Запустите подгонку параметра с передискретизируемыми данными.
Возвратите предполагаемые параметры.
Если доверительный интервал ближе, чем Tolerance
к связанному параметру, как задано в исходной подгонке, функция устанавливает состояние оценки на constrained
. Если все доверительные интервалы еще дальше от границ параметра, чем Tolerance
, функция устанавливает состояние на success
. В противном случае это установлено в estimable
.
[1] Вальд, A. "Тесты Статистических Гипотез Относительно Нескольких Параметров, когда Количество Наблюдений является Большим". Транзакции американского Математического Общества. 54 (3), 1943, стр 426-482.

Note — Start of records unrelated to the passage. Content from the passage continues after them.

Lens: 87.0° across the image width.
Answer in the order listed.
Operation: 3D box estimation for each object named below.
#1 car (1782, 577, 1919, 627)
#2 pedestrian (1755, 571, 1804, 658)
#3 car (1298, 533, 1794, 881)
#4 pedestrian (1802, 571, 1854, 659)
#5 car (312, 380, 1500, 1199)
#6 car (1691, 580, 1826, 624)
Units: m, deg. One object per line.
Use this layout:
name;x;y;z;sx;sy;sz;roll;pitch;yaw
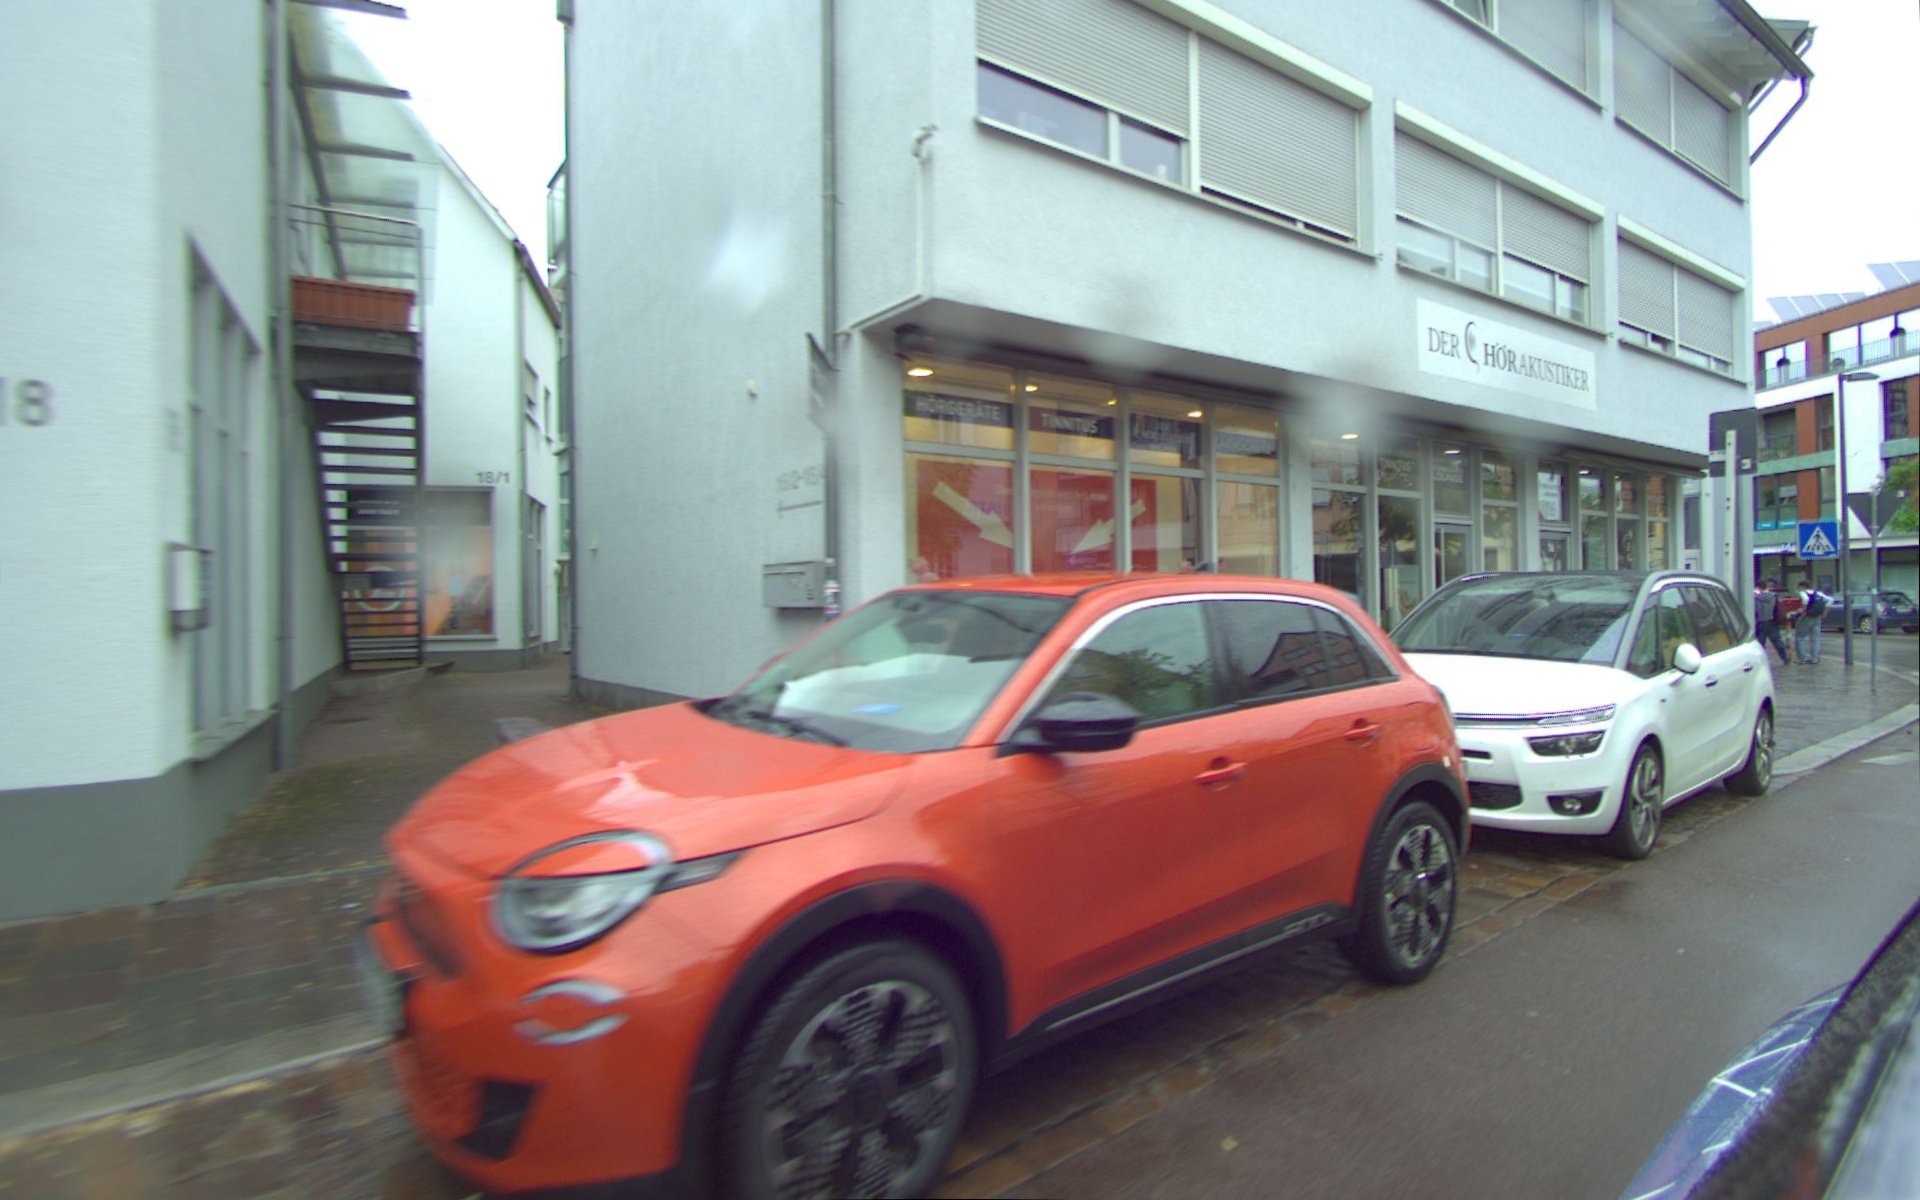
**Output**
car;30.779;0.050;34.626;1.684;1.594;4.006;-1;1;-9
pedestrian;17.566;0.305;21.702;0.692;1.834;0.506;0;0;26
car;4.234;0.497;7.003;4.204;1.711;1.693;-1;0;-41
pedestrian;18.498;0.315;21.584;0.666;1.834;0.675;0;0;26
car;0.122;0.466;3.535;3.886;1.711;1.694;-1;0;-38
car;30.827;0.049;39.218;1.684;1.594;4.006;-1;1;-9

[2] Ву, H. и Член конгресса Нил. "Настроенные Доверительные интервалы для Ограниченного Параметра". Генетика поведения. 42 (6), 2012, стр 886-898.
[3] Уилкс, судно "Распределение Большой выборки Отношения правдоподобия для Тестирования Сложных гипотез". Летопись Математической Статистики. 9 (1), 1938, стр 60–62.
Чтобы запуститься параллельно, установите 'UseParallel'
к true
.
Для получения дополнительной информации смотрите 'UseParallel'
аргумент пары "имя-значение".
ConfidenceInterval
| ParameterConfidenceInterval
| sbiofit
| sbiopredictionci
У вас есть модифицированная версия этого примера. Вы хотите открыть этот пример со своими редактированиями?
1. Если смысл перевода понятен, то лучше оставьте как есть и не придирайтесь к словам, синонимам и тому подобному. О вкусах не спорим.
2. Не дополняйте перевод комментариями “от себя”. В исправлении не должно появляться дополнительных смыслов и комментариев, отсутствующих в оригинале. Такие правки не получится интегрировать в алгоритме автоматического перевода.
3. Сохраняйте структуру оригинального текста - например, не разбивайте одно предложение на два.
4. Не имеет смысла однотипное исправление перевода какого-то термина во всех предложениях. Исправляйте только в одном месте. Когда Вашу правку одобрят, это исправление будет алгоритмически распространено и на другие части документации.
5. По иным вопросам, например если надо исправить заблокированное для перевода слово, обратитесь к редакторам через форму технической поддержки.